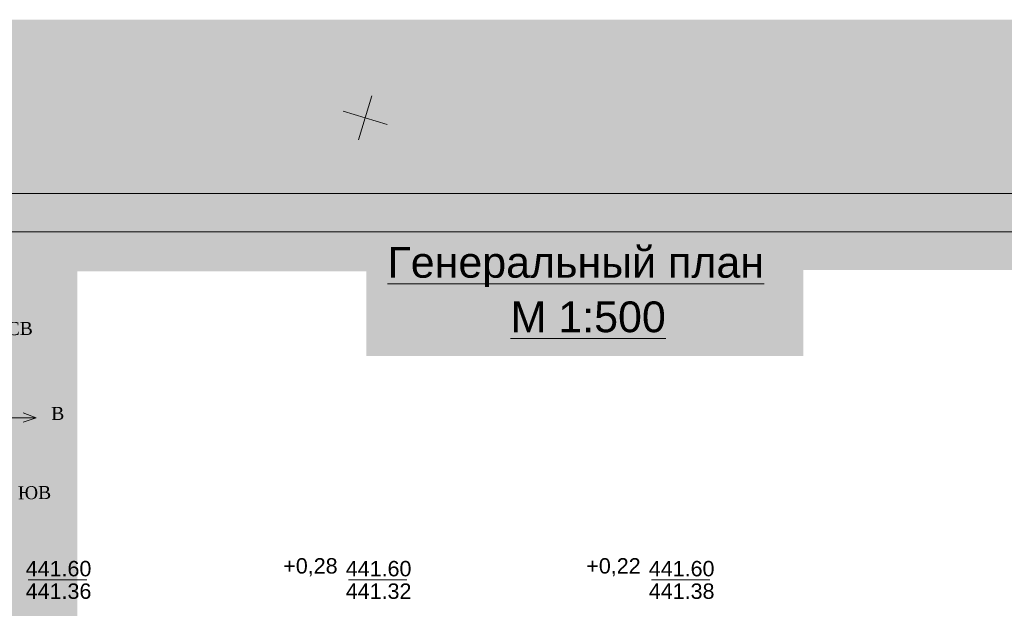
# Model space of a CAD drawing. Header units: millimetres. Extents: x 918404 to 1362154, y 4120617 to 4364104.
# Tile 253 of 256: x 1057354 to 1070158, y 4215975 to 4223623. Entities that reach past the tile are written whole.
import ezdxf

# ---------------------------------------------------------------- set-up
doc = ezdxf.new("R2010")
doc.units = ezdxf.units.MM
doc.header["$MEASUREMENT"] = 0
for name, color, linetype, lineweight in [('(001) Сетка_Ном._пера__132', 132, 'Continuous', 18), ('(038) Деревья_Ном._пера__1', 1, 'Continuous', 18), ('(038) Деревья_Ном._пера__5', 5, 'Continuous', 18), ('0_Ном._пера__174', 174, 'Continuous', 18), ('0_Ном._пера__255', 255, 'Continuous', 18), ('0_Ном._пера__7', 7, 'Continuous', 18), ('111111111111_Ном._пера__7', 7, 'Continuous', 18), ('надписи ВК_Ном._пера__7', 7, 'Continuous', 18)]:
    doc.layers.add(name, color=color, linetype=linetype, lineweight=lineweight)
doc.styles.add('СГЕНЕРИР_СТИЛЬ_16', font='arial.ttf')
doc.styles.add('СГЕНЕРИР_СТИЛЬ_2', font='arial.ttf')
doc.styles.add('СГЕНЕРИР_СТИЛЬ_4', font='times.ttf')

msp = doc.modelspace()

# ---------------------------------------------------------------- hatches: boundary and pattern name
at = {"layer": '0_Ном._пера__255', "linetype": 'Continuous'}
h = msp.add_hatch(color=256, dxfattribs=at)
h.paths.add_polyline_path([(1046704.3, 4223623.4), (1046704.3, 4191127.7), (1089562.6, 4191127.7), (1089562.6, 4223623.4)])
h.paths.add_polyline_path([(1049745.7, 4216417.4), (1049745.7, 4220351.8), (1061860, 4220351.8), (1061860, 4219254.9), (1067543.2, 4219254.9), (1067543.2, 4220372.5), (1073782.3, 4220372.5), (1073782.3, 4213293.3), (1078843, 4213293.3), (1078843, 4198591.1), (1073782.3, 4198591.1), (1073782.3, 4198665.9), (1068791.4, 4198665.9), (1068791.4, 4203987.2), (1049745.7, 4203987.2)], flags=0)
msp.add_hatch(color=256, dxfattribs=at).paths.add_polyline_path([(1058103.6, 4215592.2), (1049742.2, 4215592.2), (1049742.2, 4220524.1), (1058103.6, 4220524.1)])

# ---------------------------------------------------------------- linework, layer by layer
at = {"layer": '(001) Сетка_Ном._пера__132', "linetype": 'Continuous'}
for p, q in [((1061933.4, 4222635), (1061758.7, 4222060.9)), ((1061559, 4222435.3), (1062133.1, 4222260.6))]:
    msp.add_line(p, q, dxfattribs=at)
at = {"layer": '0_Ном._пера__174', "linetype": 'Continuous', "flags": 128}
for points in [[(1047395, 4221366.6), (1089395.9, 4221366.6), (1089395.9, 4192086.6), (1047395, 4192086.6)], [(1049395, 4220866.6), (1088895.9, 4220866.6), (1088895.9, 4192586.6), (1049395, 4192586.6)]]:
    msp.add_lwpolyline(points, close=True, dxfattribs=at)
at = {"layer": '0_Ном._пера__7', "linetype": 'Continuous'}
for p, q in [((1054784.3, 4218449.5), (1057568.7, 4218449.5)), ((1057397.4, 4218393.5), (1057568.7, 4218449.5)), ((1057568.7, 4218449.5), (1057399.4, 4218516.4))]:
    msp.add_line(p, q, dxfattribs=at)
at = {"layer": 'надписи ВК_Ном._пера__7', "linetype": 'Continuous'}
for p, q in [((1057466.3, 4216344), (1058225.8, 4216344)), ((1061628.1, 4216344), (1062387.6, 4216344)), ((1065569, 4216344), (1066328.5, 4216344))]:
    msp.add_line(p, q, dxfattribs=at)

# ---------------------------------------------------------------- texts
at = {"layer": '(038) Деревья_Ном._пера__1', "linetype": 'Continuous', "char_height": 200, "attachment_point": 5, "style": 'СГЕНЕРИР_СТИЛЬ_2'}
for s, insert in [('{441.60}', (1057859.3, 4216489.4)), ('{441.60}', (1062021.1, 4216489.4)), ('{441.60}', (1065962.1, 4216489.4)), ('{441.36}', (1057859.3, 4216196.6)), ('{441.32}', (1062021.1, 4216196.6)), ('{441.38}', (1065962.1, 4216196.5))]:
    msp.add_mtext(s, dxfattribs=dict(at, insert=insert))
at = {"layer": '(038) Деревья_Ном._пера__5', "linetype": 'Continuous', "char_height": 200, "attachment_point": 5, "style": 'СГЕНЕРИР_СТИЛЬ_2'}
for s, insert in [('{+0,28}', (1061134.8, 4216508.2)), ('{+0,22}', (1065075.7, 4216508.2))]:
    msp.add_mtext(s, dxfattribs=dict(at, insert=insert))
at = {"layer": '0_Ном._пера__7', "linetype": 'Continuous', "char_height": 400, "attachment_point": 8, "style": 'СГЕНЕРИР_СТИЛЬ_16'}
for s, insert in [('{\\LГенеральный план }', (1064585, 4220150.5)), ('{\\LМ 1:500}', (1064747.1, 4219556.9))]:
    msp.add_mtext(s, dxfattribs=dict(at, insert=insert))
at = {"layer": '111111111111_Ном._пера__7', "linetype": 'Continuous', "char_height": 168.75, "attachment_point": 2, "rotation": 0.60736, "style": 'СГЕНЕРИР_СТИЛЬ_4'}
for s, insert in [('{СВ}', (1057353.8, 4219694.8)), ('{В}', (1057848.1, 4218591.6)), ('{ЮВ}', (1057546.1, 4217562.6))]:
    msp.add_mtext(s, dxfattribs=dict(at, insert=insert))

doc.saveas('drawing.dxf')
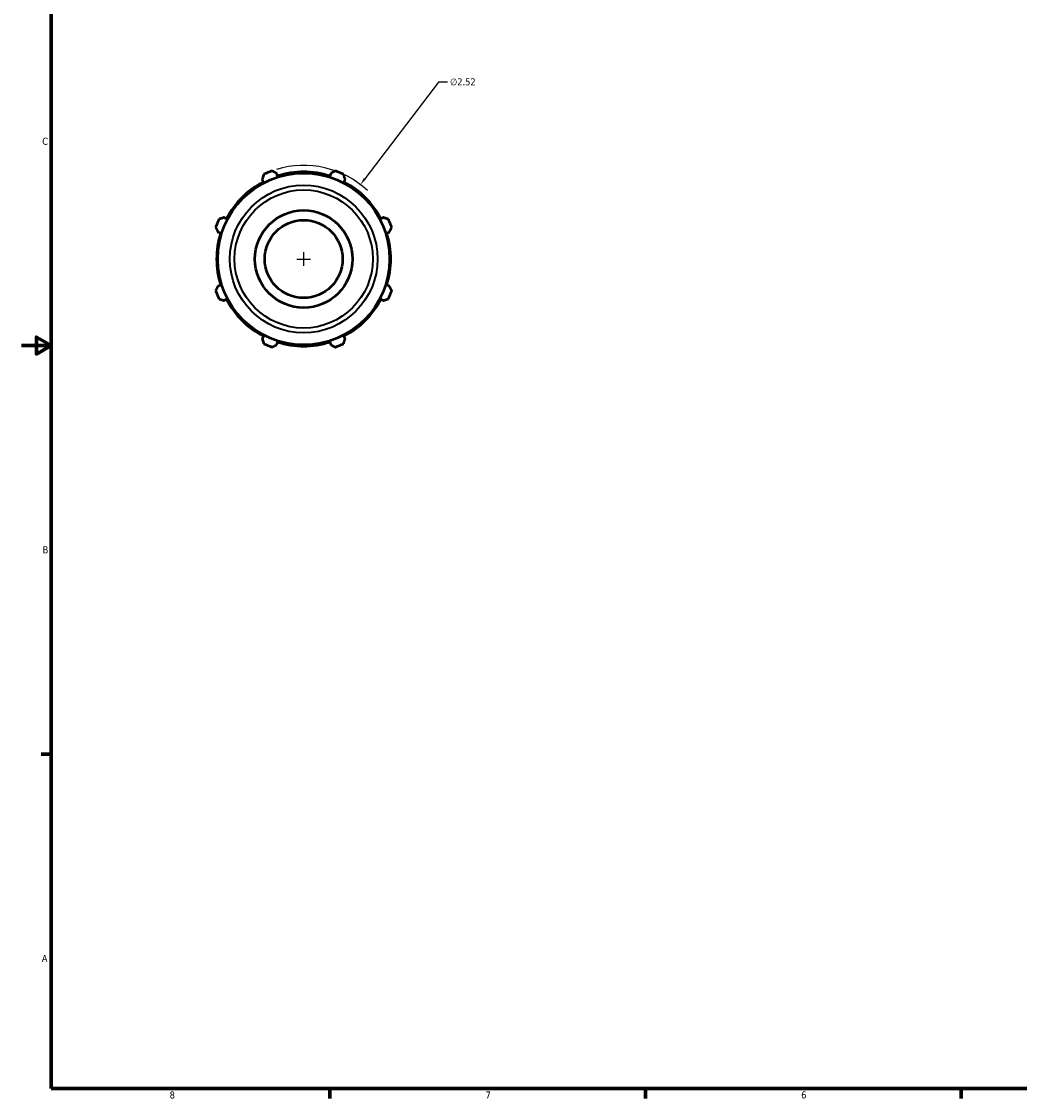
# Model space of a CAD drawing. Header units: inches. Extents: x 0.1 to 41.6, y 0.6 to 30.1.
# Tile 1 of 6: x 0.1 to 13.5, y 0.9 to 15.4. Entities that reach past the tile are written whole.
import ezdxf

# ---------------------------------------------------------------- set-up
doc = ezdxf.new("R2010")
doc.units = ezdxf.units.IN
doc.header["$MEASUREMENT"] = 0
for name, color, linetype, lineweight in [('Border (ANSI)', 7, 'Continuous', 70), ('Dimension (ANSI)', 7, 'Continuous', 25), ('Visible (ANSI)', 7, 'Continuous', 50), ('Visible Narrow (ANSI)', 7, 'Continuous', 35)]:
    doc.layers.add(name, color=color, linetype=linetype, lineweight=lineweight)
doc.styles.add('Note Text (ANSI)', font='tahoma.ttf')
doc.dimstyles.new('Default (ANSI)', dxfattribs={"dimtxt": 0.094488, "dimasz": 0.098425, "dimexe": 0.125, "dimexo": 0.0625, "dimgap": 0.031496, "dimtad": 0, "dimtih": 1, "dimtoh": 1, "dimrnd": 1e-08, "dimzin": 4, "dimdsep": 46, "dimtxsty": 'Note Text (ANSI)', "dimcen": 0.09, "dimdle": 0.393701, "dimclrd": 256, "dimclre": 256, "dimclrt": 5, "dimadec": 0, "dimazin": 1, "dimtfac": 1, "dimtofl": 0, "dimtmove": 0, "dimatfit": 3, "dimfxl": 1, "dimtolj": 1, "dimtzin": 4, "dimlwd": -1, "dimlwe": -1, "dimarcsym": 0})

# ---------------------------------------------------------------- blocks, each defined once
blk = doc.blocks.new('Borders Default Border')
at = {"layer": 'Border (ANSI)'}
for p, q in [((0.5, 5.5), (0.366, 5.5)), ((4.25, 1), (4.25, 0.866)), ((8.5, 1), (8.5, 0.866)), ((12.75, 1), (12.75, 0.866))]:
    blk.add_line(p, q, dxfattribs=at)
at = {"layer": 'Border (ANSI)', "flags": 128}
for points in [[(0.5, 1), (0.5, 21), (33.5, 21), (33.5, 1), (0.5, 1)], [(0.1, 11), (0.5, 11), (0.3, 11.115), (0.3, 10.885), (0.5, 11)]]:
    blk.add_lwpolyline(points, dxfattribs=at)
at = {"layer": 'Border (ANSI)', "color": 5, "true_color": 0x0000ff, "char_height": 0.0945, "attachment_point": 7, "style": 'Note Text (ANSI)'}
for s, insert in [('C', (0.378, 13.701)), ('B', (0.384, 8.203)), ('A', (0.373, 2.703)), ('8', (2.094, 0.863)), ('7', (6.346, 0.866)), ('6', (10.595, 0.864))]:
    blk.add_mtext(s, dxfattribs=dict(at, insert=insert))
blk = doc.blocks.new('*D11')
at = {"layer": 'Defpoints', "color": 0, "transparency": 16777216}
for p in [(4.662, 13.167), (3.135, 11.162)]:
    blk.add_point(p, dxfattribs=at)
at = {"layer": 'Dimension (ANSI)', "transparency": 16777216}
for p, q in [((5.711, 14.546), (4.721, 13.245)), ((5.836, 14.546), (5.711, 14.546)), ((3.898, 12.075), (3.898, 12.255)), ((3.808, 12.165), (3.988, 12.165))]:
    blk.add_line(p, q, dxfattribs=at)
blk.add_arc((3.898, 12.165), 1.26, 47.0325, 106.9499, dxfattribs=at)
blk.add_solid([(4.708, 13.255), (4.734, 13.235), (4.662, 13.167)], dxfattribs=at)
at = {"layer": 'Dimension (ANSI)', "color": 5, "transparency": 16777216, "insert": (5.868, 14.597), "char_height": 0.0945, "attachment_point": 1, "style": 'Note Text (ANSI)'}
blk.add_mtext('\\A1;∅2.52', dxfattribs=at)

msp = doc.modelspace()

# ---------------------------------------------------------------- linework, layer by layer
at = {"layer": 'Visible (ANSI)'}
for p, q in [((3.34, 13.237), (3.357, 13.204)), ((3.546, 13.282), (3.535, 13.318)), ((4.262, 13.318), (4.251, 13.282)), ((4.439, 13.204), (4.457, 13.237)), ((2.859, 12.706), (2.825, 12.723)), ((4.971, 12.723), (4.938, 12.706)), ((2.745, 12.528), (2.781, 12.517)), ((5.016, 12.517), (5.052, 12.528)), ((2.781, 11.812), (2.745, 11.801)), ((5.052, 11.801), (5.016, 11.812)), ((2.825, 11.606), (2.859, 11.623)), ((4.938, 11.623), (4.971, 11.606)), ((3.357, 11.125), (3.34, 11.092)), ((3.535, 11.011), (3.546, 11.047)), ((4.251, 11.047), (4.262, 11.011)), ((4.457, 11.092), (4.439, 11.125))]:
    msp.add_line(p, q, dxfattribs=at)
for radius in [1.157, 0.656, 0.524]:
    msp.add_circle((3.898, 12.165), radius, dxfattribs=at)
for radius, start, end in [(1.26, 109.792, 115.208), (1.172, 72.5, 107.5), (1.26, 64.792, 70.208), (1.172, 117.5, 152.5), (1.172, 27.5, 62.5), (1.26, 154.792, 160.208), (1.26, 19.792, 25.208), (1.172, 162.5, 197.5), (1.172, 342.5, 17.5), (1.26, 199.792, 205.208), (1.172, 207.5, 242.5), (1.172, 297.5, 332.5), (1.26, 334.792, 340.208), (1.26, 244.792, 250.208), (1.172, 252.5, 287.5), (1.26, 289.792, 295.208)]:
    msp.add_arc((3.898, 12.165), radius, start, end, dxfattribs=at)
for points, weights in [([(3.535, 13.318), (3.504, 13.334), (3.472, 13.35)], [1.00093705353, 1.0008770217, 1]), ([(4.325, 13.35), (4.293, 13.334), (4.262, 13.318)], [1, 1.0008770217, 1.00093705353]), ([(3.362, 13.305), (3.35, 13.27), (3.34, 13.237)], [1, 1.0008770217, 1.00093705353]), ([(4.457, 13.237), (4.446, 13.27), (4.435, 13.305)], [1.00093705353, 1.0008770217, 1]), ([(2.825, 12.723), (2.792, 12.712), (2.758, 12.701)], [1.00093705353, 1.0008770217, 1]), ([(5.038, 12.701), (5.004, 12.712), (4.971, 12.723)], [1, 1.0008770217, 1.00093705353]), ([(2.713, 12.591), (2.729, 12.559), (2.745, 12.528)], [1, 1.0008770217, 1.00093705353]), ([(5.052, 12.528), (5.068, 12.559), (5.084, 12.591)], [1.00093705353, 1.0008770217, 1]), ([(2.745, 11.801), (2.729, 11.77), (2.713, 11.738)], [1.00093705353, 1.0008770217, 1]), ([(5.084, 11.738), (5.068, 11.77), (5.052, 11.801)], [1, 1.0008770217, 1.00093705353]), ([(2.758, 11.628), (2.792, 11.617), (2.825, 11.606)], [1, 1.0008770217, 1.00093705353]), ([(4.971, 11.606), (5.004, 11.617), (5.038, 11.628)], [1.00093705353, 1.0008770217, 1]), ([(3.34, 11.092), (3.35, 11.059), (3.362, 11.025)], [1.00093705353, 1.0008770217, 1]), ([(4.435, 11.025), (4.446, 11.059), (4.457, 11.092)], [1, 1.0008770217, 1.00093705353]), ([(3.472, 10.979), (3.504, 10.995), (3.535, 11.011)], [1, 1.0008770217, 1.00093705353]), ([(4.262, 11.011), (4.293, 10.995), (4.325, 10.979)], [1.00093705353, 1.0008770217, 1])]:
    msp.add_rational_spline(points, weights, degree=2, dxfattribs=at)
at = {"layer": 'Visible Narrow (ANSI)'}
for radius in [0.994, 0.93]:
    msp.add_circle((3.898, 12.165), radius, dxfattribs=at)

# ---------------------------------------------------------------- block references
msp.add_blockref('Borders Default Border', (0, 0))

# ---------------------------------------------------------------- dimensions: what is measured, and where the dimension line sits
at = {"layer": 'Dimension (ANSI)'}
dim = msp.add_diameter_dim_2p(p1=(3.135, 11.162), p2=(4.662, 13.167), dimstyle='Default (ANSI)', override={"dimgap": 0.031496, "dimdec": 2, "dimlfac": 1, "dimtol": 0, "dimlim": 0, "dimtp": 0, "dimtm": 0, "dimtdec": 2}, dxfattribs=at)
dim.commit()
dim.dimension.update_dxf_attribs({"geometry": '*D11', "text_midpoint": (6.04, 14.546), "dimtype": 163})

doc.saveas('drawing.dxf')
* * *
_ASSIGNED TASK_:
Every line of the records above where the string "надписи" is found should be copied.

_FINISHED EXERCISE_:
for name, color, linetype, lineweight in [('(001) Сетка_Ном._пера__132', 132, 'Continuous', 18), ('(038) Деревья_Ном._пера__1', 1, 'Continuous', 18), ('(038) Деревья_Ном._пера__5', 5, 'Continuous', 18), ('0_Ном._пера__174', 174, 'Continuous', 18), ('0_Ном._пера__255', 255, 'Continuous', 18), ('0_Ном._пера__7', 7, 'Continuous', 18), ('111111111111_Ном._пера__7', 7, 'Continuous', 18), ('надписи ВК_Ном._пера__7', 7, 'Continuous', 18)]:
at = {"layer": 'надписи ВК_Ном._пера__7', "linetype": 'Continuous'}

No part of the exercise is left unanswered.